Discover before filtering
Before constructing filters, discover what's actually in the project:
- Confirm services exist — call
apm-services-list to see which services have emitted spans.
- Find filterable attributes — call
apm-attributes-list with attribute_type: "span" or "resource".
- Get actual values — call
apm-attribute-values-list with a key to see the real values in use.
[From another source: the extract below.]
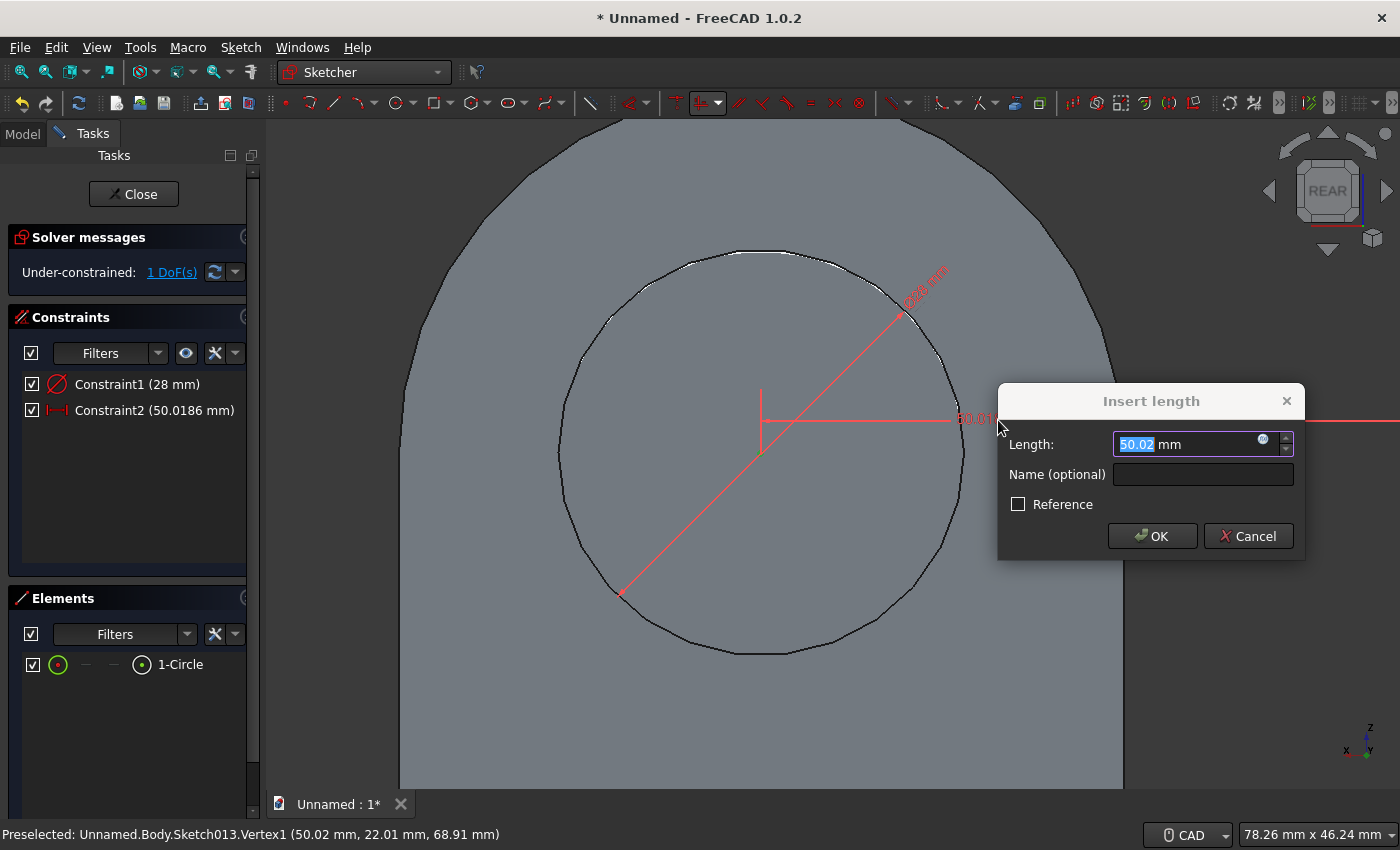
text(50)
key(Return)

Only then construct query-apm-spans filters. Custom attributes vary per project and cannot be guessed.
By filters
posthog:query-apm-spans
{
"query": {
"serviceNames": ["api-gateway"],
"dateRange": {"date_from": "-1h"},
"filterGroup": [
{"key": "http.status_code", "operator": "gt", "type": "span_attribute", "value": "499"}
]
}
}
By trace ID (when known)
posthog:apm-trace-get
{
"trace_id": "0123456789abcdef0123456789abcdef"
}
Common gotchas
- Durations are nanoseconds. 1 second =
1_000_000_000. Filter values in query-apm-spans for duration are also nanoseconds.
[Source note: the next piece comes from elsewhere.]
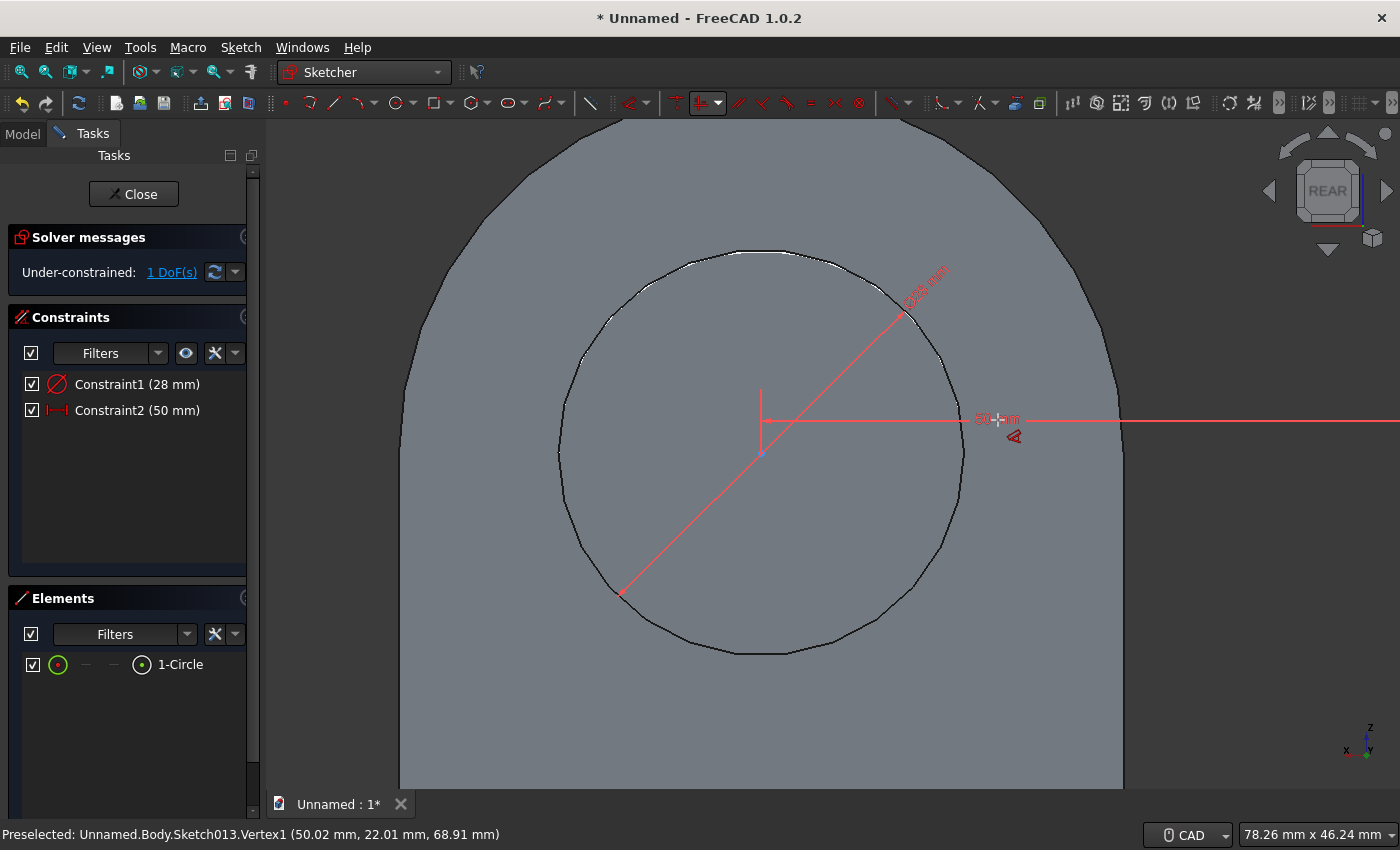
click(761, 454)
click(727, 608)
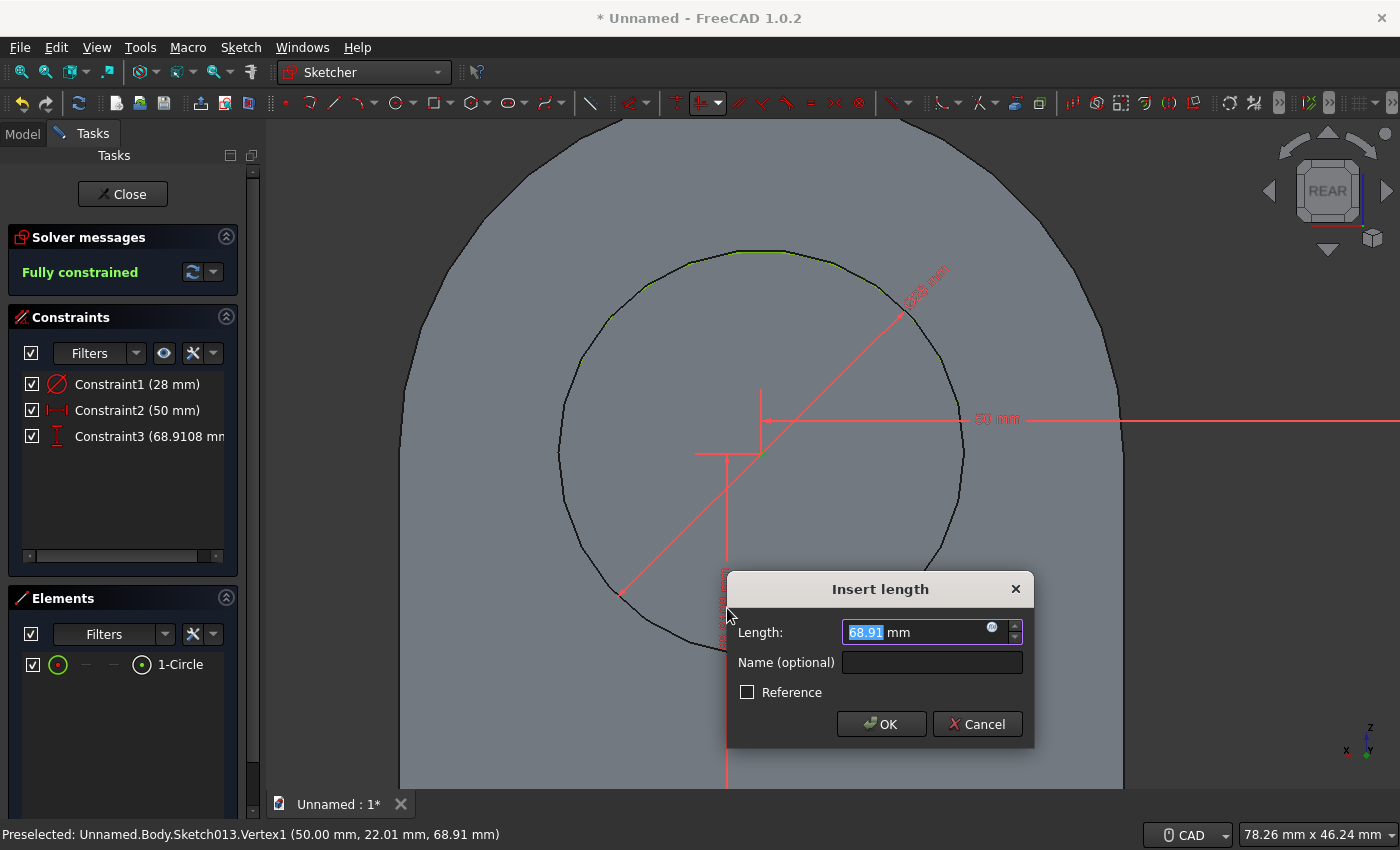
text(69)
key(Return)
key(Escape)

status_code == 2 is Error. 0 is Unset, 1 is OK. Use OK to match {0, 1} in the UI filter.
kind is an integer 0–5: 0 Unspecified, 1 Internal, 2 Server, 3 Client, 4 Producer, 5 Consumer.
parent_span_id of a root span is "0000000000000000" (16 zero hex chars, matching the 8-byte span ID width — not the 16-byte trace ID width), not null.
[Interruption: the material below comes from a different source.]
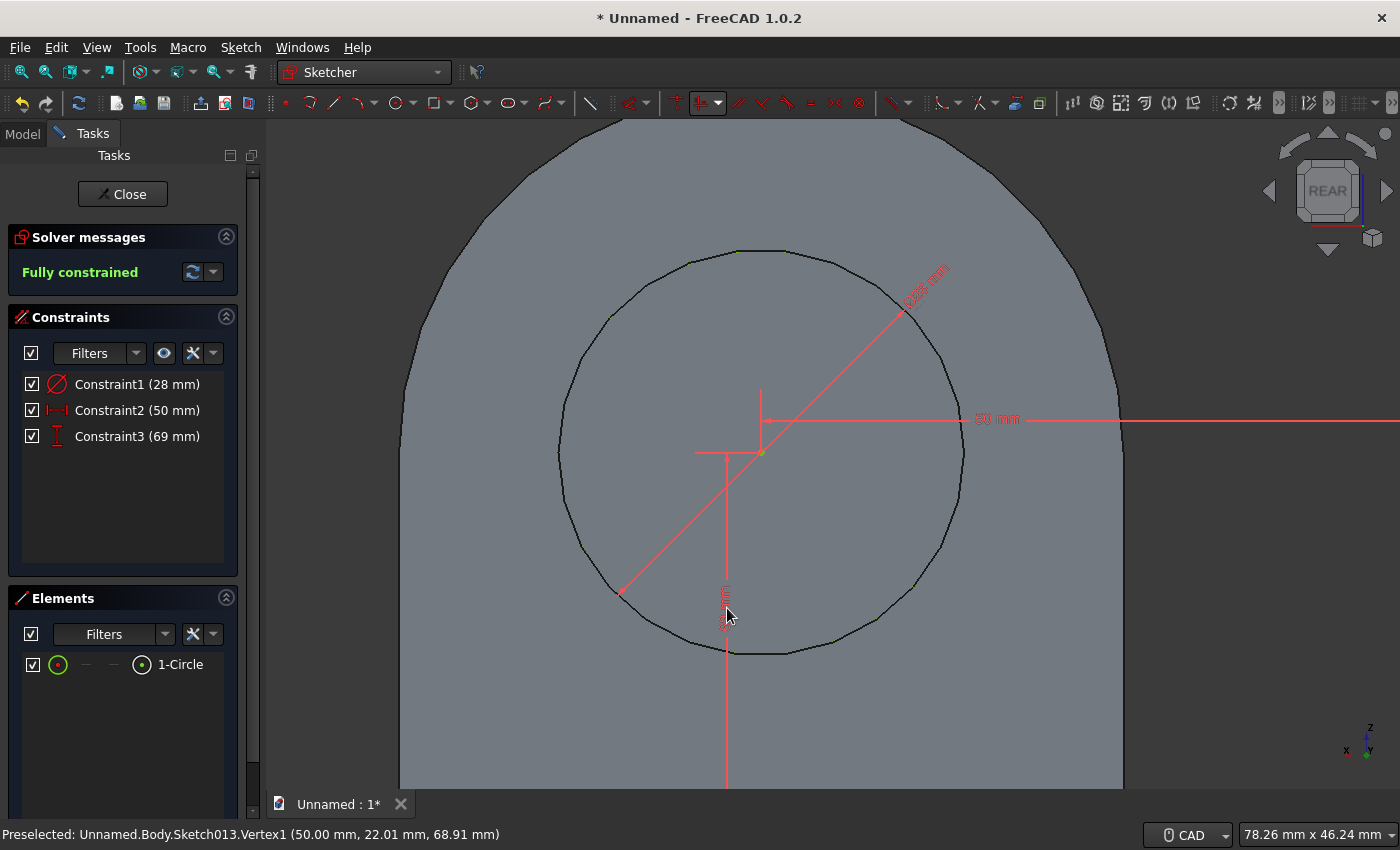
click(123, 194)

Parsing large trace results
Trace tool results are JSON. When too large to read inline, Claude Code persists them to a file.
Persisted file format
[{ "type": "text", "text": "{\"results\": [...], \"_posthogUrl\": \"...\"}" }]
Every script in scripts/ unwraps this envelope before parsing.
Trace JSON structure
results (array of span dicts)
└── each span:
├── uuid, trace_id, span_id, parent_span_id (hex strings)
├── name, kind (int 0–5), service_name
├── status_code (int 0–2), is_root_span (bool)
├── timestamp, end_time (ISO 8601)
├── duration_nano (int, nanoseconds)
└── matched_filter (bool — only meaningful when prefetching from query-apm-spans)
Available scripts
| Script | Purpose | Usage |
|---|
print_summary.py | Trace metadata, services, slowest spans, errors | python3 scripts/print_summary.py FILE |
print_timeline.py | DFS-indented tree from parent_span_id walk | python3 scripts/print_timeline.py FILE |
extract_span.py | Full row + parent/children for spans matching a name | SPAN="name" python3 scripts/extract_span.py FILE |
search_spans.py | Find a keyword across name, service_name, IDs | SEARCH="kw" python3 scripts/search_spans.py FILE |
show_structure.py | Show JSON keys and types without values | python3 scripts/show_structure.py FILE |
Tips
- Always set
dateRange on query-apm-spans — queries without a time range are slow. Default is -1h; widen only when needed.
- Always include the
_posthogUrl in your response so the user can click through.
- Attributes are not in the
apm-trace-get payload — use apm-attribute-values-list for those.
is_root_span is the cheap way to find the trace entry — don't string-match 00000000….
- For aggregates (p95 by operation, slowest children of a span), use
apm-spans-aggregate for a flat view or apm-spans-tree for parent→child edges — don't reach for SQL.